> **ENTRIES PROVIDED**
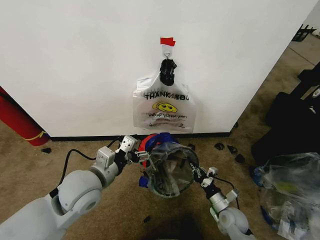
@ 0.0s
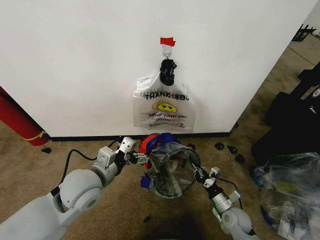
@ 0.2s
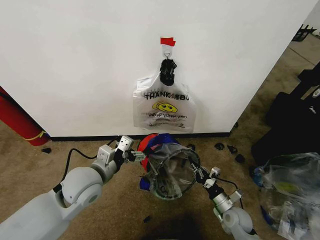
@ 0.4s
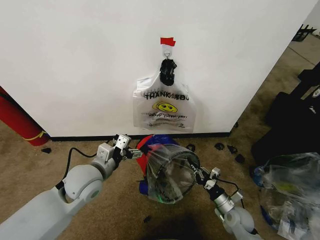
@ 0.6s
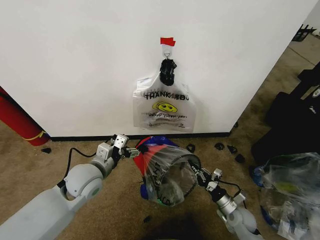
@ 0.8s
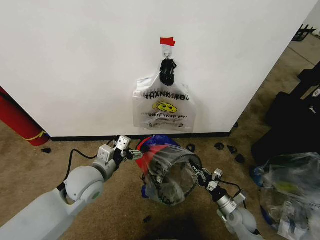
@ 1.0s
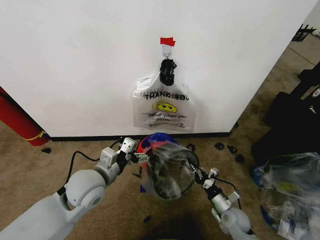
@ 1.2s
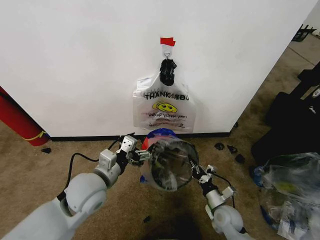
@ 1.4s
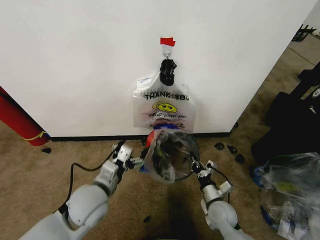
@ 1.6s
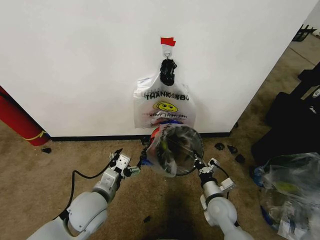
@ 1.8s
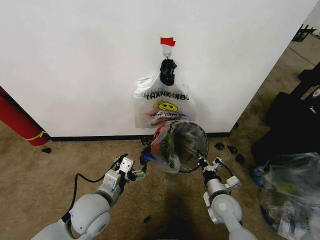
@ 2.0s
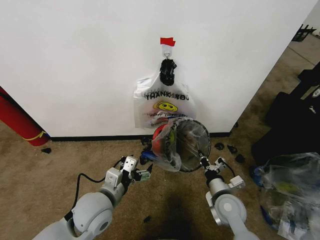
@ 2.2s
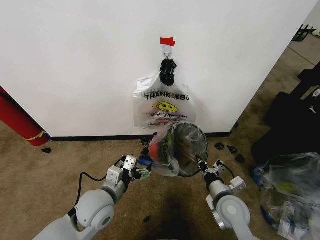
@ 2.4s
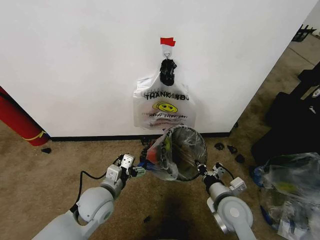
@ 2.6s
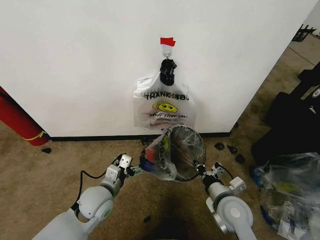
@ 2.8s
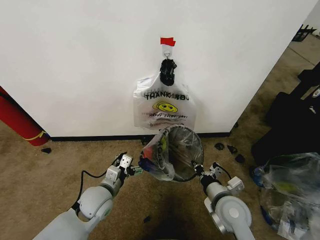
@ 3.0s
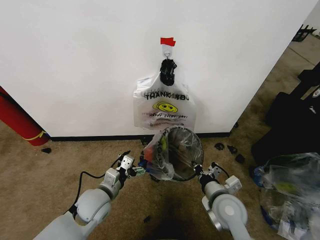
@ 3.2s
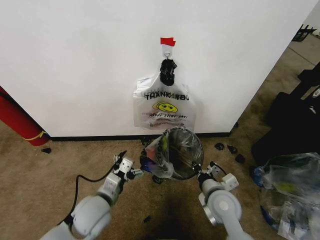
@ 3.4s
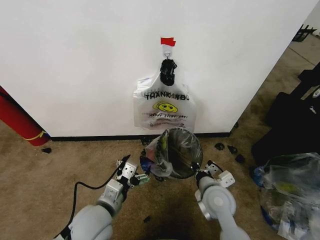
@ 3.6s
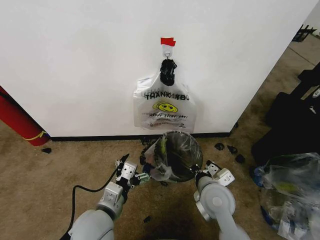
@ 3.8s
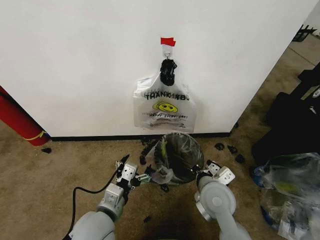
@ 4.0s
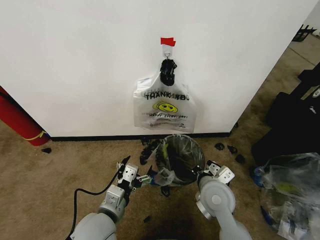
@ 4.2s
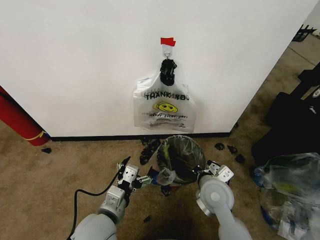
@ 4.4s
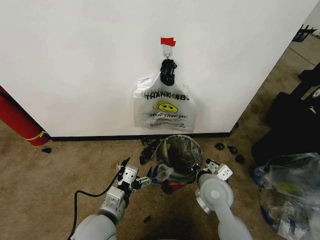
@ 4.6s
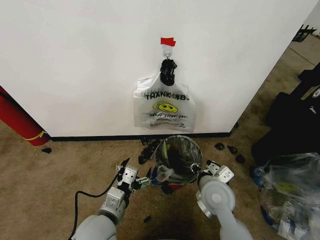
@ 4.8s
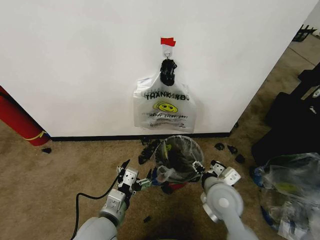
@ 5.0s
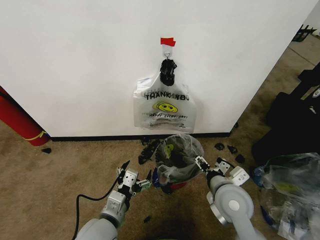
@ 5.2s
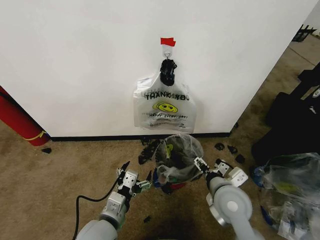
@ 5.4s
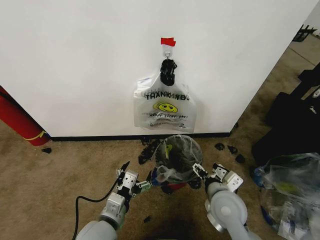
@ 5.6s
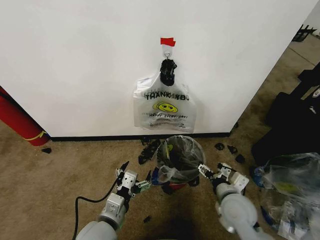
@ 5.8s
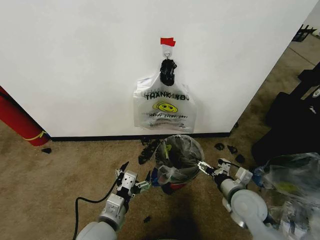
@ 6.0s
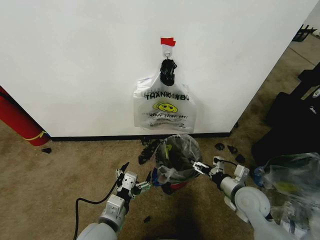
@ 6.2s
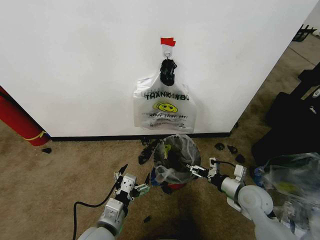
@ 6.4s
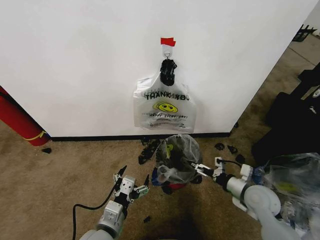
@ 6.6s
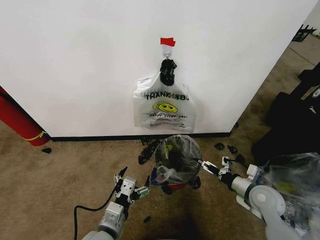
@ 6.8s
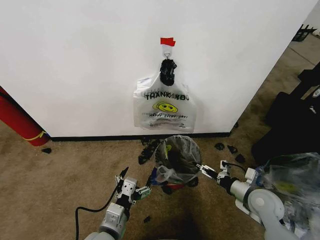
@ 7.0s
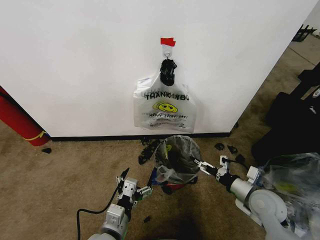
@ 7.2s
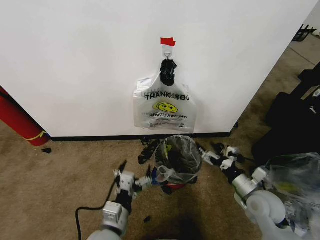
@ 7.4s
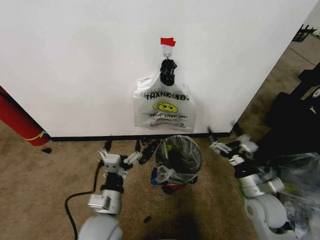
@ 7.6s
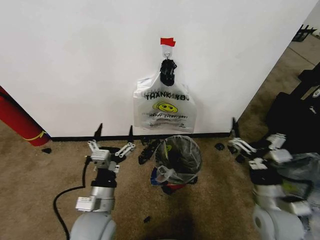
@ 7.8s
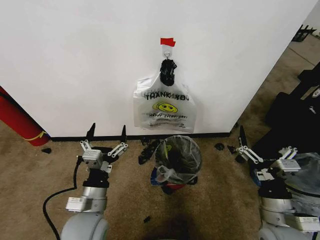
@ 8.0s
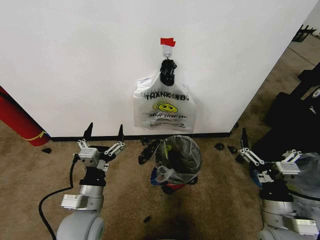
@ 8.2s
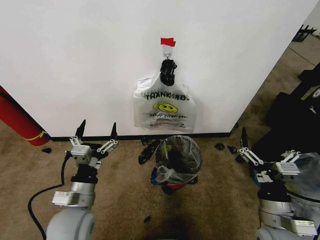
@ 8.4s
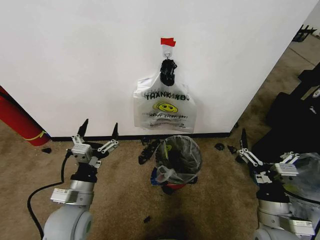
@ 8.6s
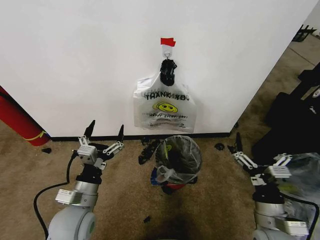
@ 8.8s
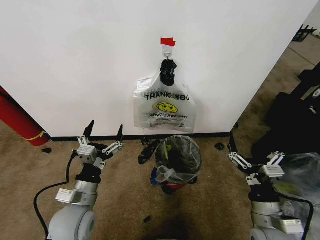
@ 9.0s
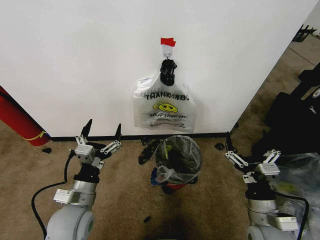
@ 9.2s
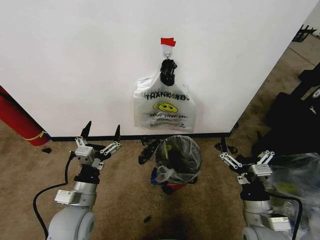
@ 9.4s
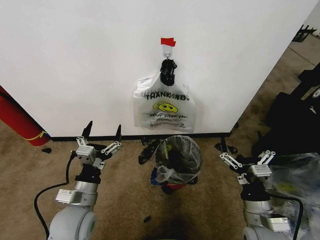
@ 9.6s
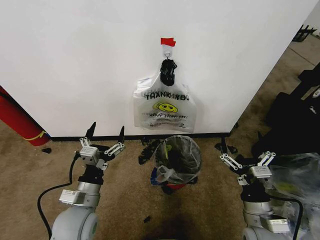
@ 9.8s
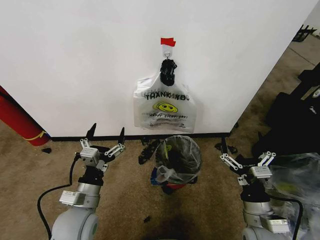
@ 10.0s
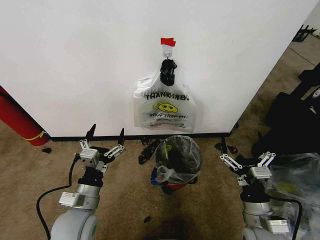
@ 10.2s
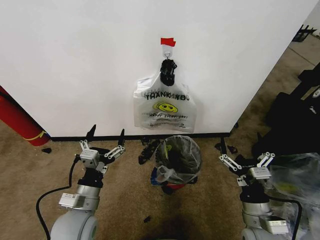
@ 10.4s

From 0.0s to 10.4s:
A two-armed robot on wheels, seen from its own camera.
Task of the whole recording: Pick up the garbage bag from the wall and place it over the trash bin.
From 1.4s to 3.0s: The left gripper heads downward, covering roughly 10 cm. Meanwhile the right gripper shifts approximately 15 cm upward.
From 3.0s to 4.4s: The right gripper moves approximately 5 cm. The left gripper goes approximately 10 cm backward and upward.
From 4.4s to 6.0s: The right gripper goes approximately 10 cm to the right, and opens its fingers.
From 7.4s to 9.0s: The right gripper shifts roughly 10 cm backward; the left gripper shifts approximately 10 cm to the left and forward.
From 9.0s to 10.4s: The grippers stay close to where they were, moving slightly.

> **PROBLEM**
Each entry should be output word for word, with no pictures carried over.

> **EXPECTED OUTPUT**
@ 0.0s
@ 0.2s
@ 0.4s
@ 0.6s
@ 0.8s
@ 1.0s
@ 1.2s
@ 1.4s
@ 1.6s
@ 1.8s
@ 2.0s
@ 2.2s
@ 2.4s
@ 2.6s
@ 2.8s
@ 3.0s
@ 3.2s
@ 3.4s
@ 3.6s
@ 3.8s
@ 4.0s
@ 4.2s
@ 4.4s
@ 4.6s
@ 4.8s
@ 5.0s
@ 5.2s
@ 5.4s
@ 5.6s
@ 5.8s
@ 6.0s
@ 6.2s
@ 6.4s
@ 6.6s
@ 6.8s
@ 7.0s
@ 7.2s
@ 7.4s
@ 7.6s
@ 7.8s
@ 8.0s
@ 8.2s
@ 8.4s
@ 8.6s
@ 8.8s
@ 9.0s
@ 9.2s
@ 9.4s
@ 9.6s
@ 9.8s
@ 10.0s
@ 10.2s
@ 10.4s

From 0.0s to 10.4s:
A two-armed robot on wheels, seen from its own camera.
Task of the whole recording: Pick up the garbage bag from the wall and place it over the trash bin.
From 1.4s to 3.0s: The left gripper heads downward, covering roughly 10 cm. Meanwhile the right gripper shifts approximately 15 cm upward.
From 3.0s to 4.4s: The right gripper moves approximately 5 cm. The left gripper goes approximately 10 cm backward and upward.
From 4.4s to 6.0s: The right gripper goes approximately 10 cm to the right, and opens its fingers.
From 7.4s to 9.0s: The right gripper shifts roughly 10 cm backward; the left gripper shifts approximately 10 cm to the left and forward.
From 9.0s to 10.4s: The grippers stay close to where they were, moving slightly.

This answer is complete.